If you’re taking the photograph yourself, you need to imagine the horizontal and vertical lines as you look through the viewfinder. You’ll find that many of your shots will become more compelling when you keep this rule in mind. If the photograph has already been taken, you can crop the image using the rule of thirds before sending it for print or adding it to your design. I’ll show you how to do it in Photoshop using a little trick with gridlines, but the concept is the same with any image editing software that allows you to use gridlines or guidelines. 1. Open up the image you want to apply the rule of thirds to. We’re going to crop our original image in order to improve it. Obviously cropping makes the image smaller so that’s a little bit of a downside. Below you can see a photograph of some toy soldiers. I took this in the window of a toy shop and I’d like to get rid of some of the messy background and have more of a focus on the soldier on the left hand side. Soldiers Image Credit: Jennifer Farley 2. My original photograph had dimensions of 30 x 20 cm with a resolution of 240 ppi. If you’re not sure how to find out this information, just click Image > Image Size and the Image size dialog box opens, displaying your image info. Create a new document that is a bit smaller than your original photograph but make sure that you are using the same color mode and resolution. I set my new document size to be 24cm x 16cm. With your new document active choose Edit > Preferences (PC) or Preferences (Mac) and choose Guides, Grid & Slices. A dialog box opens giving you options for setting up how your guides and gridlines will look. Note: The screen grab below is from CS4, there are slight differences in previous versions of Photoshop but the option we’re interested in is the same in all CS versions. Set the “Gridline every” option to 33.3 percent and “Subdivisions” to 1. You can change the color of the lines by clicking on the square color swatch on the right if you want. Click OK. Preferences 4. In order to see the preferences you’ve just set, choose View > Show > Grid. Once you do that, the non-printing grid will appear on your document. This is what you’ll use as a visual aid to cropping. Grid
5. Go back to your original document. Press Ctrl + A / Cmd + A to select the whole image. Press Ctrl + C / Cmd + C to copy the selection, then return to your new blank document. Press Ctrl + V / Cmd + V to paste the image in. Select the Move tool (V) and drag the image so that the focal point falls onto one of the intersecting points.
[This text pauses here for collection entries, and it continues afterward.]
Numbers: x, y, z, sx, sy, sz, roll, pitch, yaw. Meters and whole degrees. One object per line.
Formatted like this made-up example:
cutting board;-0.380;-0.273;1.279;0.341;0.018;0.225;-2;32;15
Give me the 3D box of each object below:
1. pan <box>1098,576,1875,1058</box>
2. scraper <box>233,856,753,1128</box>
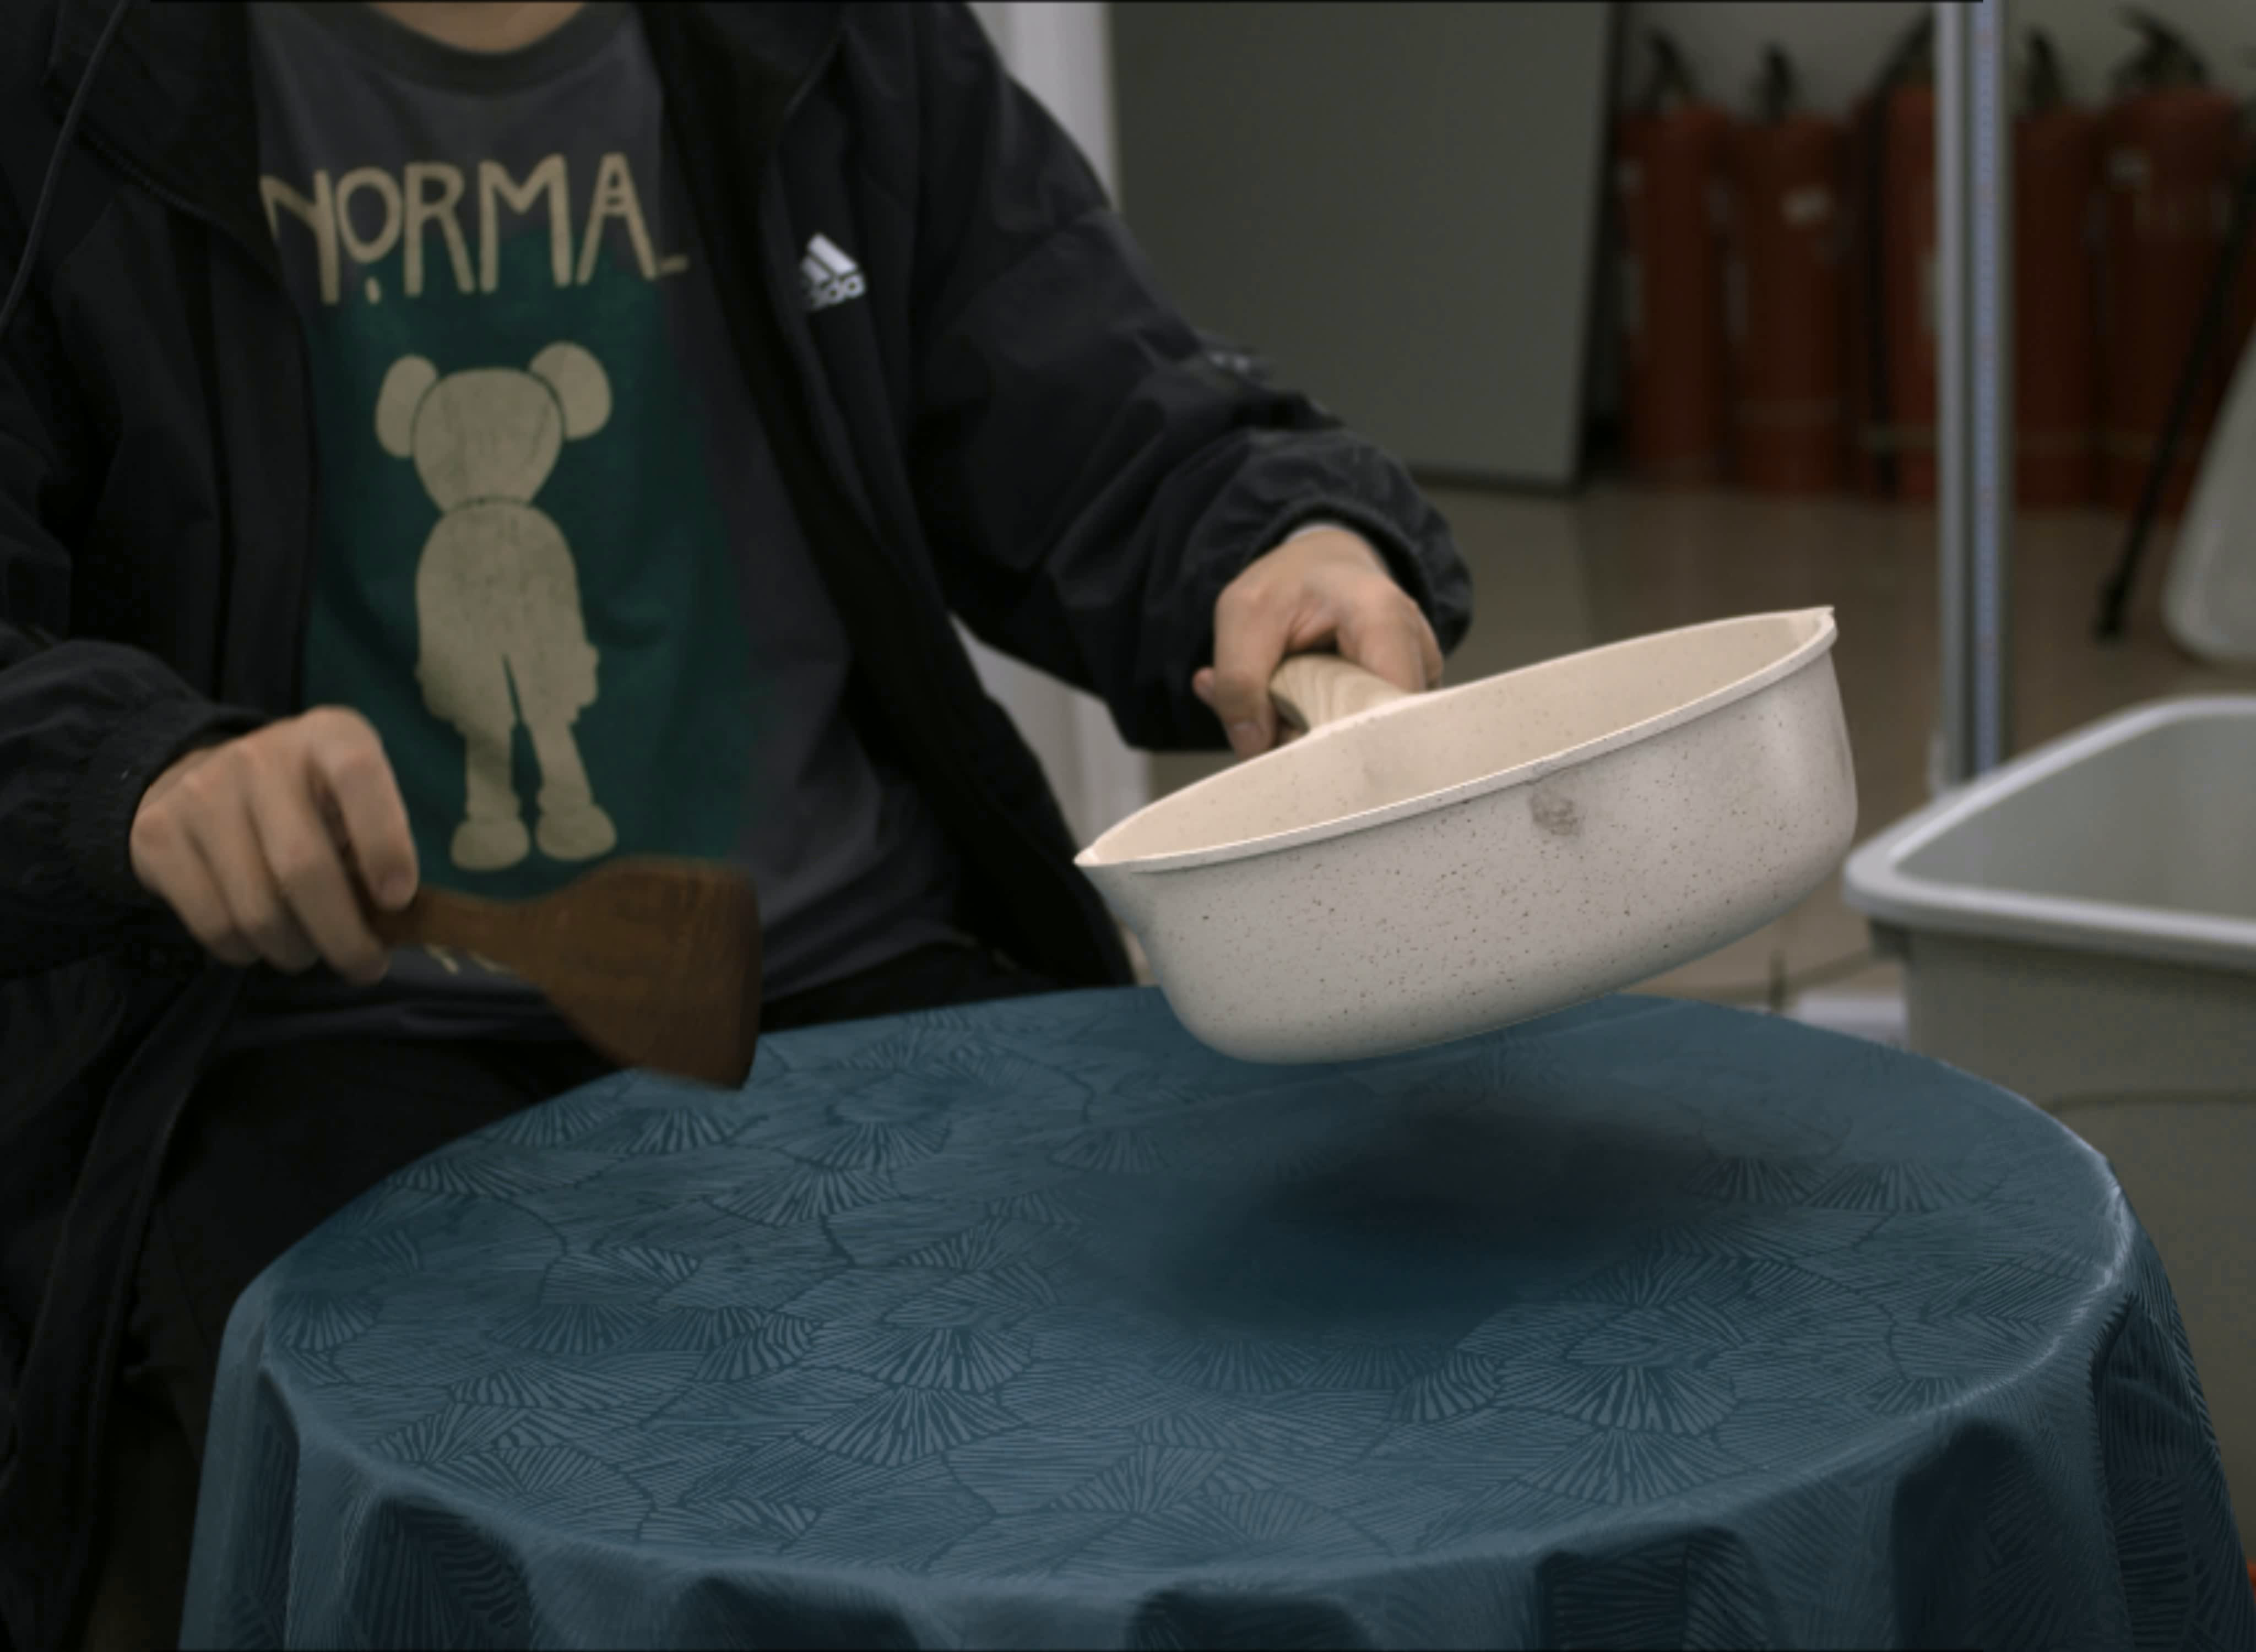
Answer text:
pan;0.105;-0.008;1.820;0.260;0.103;0.437;-21;6;-9
scraper;-0.207;0.042;1.740;0.212;0.077;0.010;12;18;32

In this case I’ve dragged the image so that the focal point is around the little soldier’s finger on the trigger at the top left intersection. SmallerImage 6. Once you’re happy with the composition you can crop away. Hit C to select the Crop tool, then click and drag around the whole image. Press Enter / Return to complete the crop. To hide the grid lines choose View > Show > Grid
or press Ctrl + ‘ / Cmd + ‘ You should now have a nicely cropped, visually more appealing image thanks to the rule of thirds. FinishedImage

Frequently Asked Questions (FAQs) on Cropping Images Using the Rule of Thirds

What is the Rule of Thirds in Image Cropping?

The Rule of Thirds is a fundamental composition principle in photography and graphic design. It involves dividing an image into nine equal parts by two equally spaced horizontal lines and two equally spaced vertical lines. The theory is that if you place points of interest along these lines, or at the intersections, your photo becomes more balanced and will enable a viewer to interact with it more naturally.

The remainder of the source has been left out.